*Exercise aim*
From the listing below, pull out the lines that hold "Mittelpunktmarkierung".

═══ Supplied entries ═══

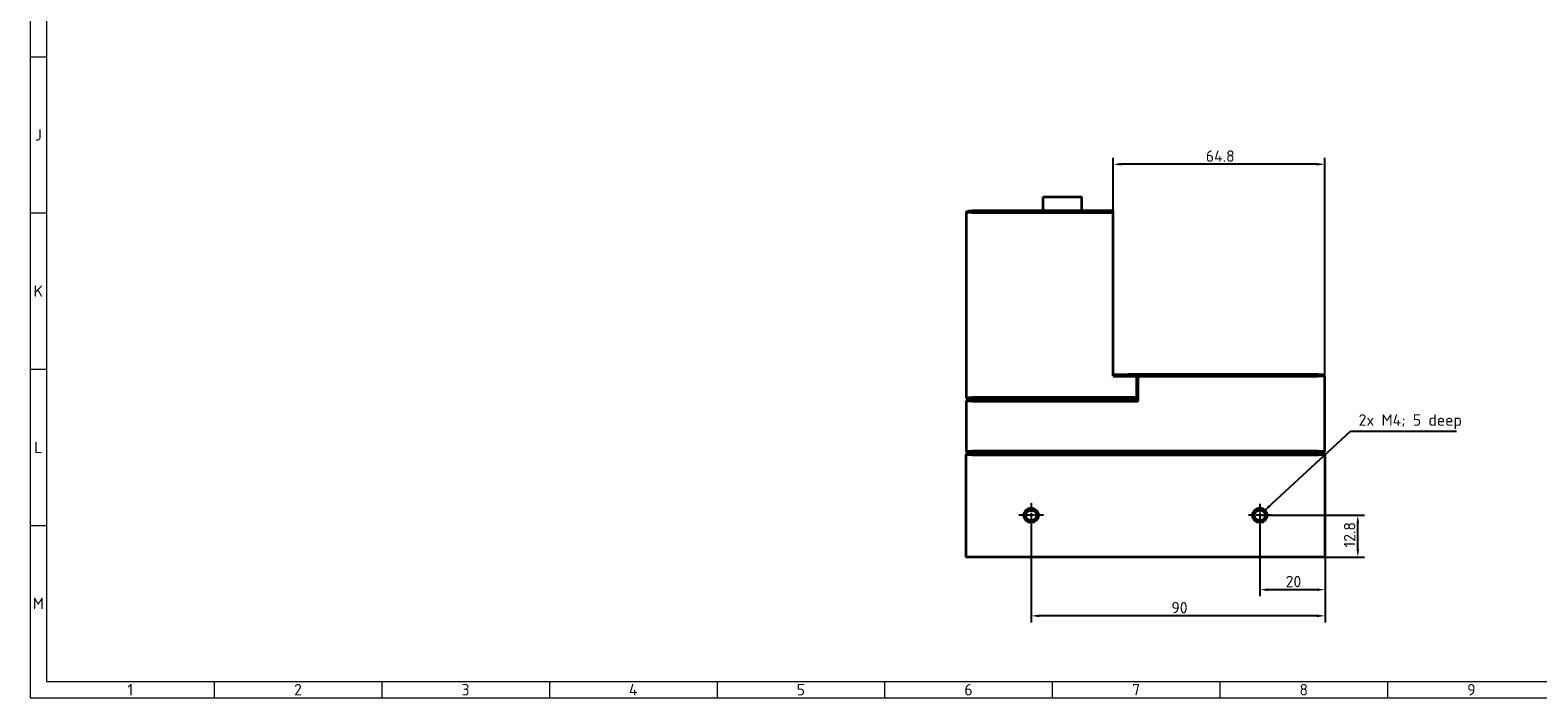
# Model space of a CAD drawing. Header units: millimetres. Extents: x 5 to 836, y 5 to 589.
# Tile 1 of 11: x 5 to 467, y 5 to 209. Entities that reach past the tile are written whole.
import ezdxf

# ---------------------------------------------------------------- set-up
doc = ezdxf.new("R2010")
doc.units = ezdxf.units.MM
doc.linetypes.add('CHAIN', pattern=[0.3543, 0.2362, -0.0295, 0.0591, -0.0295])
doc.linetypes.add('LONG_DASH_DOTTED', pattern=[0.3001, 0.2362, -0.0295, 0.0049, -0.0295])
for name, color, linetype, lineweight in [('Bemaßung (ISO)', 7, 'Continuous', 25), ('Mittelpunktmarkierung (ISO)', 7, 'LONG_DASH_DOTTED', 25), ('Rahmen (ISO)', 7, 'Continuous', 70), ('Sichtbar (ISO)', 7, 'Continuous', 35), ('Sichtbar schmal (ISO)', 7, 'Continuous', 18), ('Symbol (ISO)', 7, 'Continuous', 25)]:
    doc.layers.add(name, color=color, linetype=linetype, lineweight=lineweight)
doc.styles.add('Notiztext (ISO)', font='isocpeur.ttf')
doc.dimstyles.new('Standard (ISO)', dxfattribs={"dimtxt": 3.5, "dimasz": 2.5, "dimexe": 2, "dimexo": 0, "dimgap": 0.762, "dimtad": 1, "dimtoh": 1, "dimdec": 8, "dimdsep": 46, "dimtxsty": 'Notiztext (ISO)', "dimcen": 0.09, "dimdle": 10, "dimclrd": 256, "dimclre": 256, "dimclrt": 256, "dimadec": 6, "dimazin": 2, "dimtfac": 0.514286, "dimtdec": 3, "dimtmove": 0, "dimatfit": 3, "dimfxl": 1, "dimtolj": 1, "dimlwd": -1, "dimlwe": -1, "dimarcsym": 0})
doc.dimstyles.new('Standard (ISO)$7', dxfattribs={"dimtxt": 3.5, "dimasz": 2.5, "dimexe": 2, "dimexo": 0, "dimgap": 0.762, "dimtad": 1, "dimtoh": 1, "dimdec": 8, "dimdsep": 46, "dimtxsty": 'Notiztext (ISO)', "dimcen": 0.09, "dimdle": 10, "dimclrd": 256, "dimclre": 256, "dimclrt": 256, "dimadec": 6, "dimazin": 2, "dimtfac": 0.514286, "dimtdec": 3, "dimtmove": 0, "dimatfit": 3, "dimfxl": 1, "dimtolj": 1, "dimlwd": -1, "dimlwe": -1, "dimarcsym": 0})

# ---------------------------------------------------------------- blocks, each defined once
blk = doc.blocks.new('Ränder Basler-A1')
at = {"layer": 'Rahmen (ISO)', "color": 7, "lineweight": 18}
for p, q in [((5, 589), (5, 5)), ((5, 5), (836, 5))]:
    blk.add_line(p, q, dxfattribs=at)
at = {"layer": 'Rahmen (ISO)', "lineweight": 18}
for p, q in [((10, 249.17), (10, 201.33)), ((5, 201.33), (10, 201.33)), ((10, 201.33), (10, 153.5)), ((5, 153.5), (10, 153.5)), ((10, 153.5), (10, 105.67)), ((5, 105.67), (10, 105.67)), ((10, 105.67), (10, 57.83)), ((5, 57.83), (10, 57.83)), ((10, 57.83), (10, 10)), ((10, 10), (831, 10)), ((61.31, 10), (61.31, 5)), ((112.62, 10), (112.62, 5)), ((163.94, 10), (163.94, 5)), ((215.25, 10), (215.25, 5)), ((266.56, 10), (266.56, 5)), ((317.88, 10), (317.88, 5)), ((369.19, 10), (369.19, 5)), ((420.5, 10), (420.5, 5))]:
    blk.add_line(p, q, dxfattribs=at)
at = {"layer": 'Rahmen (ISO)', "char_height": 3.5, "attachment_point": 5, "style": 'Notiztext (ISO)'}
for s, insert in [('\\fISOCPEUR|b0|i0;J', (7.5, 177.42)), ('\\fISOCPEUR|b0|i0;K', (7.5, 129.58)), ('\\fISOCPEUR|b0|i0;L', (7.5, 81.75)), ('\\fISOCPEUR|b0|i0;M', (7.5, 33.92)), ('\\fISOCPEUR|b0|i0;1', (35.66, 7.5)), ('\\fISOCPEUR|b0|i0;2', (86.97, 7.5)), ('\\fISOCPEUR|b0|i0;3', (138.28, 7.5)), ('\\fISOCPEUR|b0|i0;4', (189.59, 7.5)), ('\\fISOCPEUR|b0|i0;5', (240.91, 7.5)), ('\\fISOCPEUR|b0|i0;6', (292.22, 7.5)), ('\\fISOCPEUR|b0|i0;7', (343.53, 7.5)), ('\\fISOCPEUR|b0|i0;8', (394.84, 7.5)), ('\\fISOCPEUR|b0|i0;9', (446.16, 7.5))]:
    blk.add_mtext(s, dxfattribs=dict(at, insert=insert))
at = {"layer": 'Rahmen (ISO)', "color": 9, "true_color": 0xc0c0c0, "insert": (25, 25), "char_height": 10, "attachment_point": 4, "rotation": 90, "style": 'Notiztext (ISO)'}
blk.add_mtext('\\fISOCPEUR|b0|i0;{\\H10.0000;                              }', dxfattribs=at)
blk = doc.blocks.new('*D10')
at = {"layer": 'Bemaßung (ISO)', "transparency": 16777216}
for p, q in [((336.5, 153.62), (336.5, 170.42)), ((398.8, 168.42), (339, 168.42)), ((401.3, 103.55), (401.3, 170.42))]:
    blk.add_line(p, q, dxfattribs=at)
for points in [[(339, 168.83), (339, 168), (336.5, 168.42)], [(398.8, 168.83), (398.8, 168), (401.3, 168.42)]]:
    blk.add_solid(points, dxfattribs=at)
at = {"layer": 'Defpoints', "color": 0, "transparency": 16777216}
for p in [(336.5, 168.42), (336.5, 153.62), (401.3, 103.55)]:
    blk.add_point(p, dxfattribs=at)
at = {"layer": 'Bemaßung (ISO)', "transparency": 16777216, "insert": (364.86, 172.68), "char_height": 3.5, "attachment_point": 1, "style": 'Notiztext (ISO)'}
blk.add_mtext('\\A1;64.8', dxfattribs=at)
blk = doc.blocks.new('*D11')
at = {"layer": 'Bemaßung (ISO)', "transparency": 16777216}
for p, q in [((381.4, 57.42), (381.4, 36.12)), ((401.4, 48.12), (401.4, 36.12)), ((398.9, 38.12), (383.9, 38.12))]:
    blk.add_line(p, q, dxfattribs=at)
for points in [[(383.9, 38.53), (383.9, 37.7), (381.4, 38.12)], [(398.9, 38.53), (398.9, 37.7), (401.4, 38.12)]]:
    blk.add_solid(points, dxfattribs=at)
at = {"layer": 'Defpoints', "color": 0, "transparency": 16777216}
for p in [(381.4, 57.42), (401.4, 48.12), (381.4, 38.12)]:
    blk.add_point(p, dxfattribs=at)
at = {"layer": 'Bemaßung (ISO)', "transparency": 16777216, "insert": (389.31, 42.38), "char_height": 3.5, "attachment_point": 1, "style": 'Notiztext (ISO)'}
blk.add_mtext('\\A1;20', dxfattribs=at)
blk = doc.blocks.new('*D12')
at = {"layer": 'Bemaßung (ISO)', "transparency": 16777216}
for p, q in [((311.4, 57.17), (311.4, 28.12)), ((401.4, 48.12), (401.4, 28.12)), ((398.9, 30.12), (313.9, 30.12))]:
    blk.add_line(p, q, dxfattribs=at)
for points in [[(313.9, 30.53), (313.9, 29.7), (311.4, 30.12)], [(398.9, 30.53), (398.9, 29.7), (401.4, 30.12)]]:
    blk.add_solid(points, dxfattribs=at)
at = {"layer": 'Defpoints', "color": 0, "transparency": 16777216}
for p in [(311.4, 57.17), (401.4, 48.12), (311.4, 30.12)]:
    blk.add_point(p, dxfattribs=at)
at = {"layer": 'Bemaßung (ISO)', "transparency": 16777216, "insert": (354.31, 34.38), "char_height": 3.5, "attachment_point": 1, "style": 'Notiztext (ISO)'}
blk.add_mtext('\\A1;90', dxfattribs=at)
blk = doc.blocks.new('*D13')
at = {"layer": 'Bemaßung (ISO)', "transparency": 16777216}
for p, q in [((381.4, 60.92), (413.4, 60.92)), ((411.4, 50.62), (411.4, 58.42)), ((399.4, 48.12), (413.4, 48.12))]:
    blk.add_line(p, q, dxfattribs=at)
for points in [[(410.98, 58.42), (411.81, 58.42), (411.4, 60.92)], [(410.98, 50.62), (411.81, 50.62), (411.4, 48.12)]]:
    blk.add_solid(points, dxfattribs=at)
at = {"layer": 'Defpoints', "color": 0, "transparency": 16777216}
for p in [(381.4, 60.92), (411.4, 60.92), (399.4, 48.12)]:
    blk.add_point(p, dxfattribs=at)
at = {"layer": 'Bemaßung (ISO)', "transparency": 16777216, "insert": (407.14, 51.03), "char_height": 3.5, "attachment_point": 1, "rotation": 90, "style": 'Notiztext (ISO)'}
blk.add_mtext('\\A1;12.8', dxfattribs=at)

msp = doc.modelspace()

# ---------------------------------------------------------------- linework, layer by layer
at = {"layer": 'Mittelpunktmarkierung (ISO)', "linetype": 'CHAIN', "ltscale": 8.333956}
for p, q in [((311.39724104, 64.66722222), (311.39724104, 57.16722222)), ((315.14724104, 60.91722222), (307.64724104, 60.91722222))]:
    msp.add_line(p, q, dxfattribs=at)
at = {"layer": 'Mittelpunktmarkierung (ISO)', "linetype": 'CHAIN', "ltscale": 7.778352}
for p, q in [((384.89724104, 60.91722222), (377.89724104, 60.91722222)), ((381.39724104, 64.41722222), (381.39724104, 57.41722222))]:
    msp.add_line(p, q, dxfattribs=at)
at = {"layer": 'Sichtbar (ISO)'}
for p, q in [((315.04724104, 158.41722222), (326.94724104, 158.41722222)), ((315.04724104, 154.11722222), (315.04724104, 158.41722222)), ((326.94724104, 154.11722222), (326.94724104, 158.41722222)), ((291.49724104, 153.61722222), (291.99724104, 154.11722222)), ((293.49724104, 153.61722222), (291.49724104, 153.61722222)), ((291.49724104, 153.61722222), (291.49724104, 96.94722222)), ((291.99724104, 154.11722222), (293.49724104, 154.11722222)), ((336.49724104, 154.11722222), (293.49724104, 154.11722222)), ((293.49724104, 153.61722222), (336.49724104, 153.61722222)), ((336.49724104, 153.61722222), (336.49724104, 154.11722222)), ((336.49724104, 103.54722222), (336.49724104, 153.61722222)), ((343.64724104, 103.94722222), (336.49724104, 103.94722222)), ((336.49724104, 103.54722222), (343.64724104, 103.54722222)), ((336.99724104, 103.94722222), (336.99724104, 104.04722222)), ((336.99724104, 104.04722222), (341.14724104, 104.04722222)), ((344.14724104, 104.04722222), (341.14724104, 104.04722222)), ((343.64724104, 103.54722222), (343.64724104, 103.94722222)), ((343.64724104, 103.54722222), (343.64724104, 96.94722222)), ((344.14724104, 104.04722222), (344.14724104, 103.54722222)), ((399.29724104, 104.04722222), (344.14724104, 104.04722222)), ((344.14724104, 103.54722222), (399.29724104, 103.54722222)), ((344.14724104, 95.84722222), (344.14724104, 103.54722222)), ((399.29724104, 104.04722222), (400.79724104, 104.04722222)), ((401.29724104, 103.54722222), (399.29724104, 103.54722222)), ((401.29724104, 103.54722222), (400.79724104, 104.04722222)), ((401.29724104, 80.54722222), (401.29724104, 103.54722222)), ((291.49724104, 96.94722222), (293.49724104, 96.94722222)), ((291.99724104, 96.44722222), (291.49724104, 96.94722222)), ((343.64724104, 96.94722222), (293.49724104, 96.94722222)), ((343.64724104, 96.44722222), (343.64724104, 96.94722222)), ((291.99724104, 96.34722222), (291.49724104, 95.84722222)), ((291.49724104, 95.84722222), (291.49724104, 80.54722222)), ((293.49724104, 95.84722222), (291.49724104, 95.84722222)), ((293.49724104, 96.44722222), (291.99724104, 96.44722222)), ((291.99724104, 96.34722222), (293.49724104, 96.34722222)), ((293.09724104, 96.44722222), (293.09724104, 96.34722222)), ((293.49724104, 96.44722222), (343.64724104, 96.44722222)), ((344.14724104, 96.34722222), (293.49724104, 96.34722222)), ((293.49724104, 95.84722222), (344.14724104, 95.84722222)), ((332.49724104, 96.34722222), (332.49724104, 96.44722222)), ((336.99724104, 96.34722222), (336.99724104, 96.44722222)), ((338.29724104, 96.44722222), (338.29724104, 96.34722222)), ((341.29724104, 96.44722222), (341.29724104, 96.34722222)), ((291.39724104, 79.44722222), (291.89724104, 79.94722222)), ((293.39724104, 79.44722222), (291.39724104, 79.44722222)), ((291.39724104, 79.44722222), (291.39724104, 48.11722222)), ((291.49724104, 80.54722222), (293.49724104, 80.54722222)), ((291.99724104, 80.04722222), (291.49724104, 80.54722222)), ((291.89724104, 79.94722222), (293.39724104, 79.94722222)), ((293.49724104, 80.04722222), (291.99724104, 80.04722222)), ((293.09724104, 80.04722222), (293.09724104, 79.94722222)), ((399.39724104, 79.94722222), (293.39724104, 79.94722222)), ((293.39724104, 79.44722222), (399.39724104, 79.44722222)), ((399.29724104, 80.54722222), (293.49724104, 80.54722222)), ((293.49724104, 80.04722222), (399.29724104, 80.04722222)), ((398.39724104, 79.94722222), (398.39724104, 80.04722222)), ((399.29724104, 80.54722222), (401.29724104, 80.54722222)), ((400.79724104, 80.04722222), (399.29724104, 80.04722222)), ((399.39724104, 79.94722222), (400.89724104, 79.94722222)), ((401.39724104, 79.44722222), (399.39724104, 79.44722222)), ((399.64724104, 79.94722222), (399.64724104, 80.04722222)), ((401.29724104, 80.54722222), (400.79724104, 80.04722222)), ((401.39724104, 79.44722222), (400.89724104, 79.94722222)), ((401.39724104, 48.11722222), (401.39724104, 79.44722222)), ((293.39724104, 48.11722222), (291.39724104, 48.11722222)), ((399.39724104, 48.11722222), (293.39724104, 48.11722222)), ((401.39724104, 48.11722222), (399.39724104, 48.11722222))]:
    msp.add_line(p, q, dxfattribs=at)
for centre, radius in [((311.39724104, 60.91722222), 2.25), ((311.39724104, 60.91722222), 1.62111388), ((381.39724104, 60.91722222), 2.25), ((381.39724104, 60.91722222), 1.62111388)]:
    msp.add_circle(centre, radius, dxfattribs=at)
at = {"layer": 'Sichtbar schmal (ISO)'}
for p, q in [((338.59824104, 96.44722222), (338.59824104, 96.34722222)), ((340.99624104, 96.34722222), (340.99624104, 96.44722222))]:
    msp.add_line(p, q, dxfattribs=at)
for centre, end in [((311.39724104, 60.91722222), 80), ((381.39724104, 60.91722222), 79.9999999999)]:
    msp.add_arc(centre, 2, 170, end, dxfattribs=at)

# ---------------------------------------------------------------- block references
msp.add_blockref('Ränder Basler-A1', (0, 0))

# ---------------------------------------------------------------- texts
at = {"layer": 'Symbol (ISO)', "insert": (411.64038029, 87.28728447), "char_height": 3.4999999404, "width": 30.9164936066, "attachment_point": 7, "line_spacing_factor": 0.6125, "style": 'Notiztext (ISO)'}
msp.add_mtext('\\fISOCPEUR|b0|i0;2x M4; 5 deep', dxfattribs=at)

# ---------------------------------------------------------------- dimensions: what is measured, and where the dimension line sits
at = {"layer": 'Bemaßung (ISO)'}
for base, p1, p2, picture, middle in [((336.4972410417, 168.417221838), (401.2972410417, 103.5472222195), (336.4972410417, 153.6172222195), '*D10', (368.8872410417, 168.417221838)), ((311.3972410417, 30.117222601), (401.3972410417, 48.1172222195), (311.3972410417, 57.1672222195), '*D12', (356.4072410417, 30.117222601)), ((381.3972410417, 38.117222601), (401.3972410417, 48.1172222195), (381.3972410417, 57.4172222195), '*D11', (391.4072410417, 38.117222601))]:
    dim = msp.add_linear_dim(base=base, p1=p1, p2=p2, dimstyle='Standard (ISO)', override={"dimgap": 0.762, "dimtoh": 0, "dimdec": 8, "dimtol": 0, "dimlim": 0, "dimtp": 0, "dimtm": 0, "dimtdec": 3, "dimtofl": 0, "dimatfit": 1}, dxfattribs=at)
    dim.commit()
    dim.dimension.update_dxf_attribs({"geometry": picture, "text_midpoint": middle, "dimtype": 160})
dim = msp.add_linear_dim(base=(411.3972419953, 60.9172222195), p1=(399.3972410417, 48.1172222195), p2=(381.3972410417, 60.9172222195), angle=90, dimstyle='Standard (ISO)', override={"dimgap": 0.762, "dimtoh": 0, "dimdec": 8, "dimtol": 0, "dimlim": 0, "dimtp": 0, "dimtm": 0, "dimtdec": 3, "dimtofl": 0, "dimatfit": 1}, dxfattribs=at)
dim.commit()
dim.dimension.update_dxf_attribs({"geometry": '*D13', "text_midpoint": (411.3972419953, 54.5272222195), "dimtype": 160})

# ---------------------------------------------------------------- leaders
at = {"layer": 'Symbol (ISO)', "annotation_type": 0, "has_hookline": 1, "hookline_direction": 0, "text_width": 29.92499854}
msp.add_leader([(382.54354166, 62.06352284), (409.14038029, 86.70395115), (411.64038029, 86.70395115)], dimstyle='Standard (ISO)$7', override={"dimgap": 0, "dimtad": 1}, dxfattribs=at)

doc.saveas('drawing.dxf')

═══

*Exercise result*
for name, color, linetype, lineweight in [('Bemaßung (ISO)', 7, 'Continuous', 25), ('Mittelpunktmarkierung (ISO)', 7, 'LONG_DASH_DOTTED', 25), ('Rahmen (ISO)', 7, 'Continuous', 70), ('Sichtbar (ISO)', 7, 'Continuous', 35), ('Sichtbar schmal (ISO)', 7, 'Continuous', 18), ('Symbol (ISO)', 7, 'Continuous', 25)]:
at = {"layer": 'Mittelpunktmarkierung (ISO)', "linetype": 'CHAIN', "ltscale": 8.333956}
at = {"layer": 'Mittelpunktmarkierung (ISO)', "linetype": 'CHAIN', "ltscale": 7.778352}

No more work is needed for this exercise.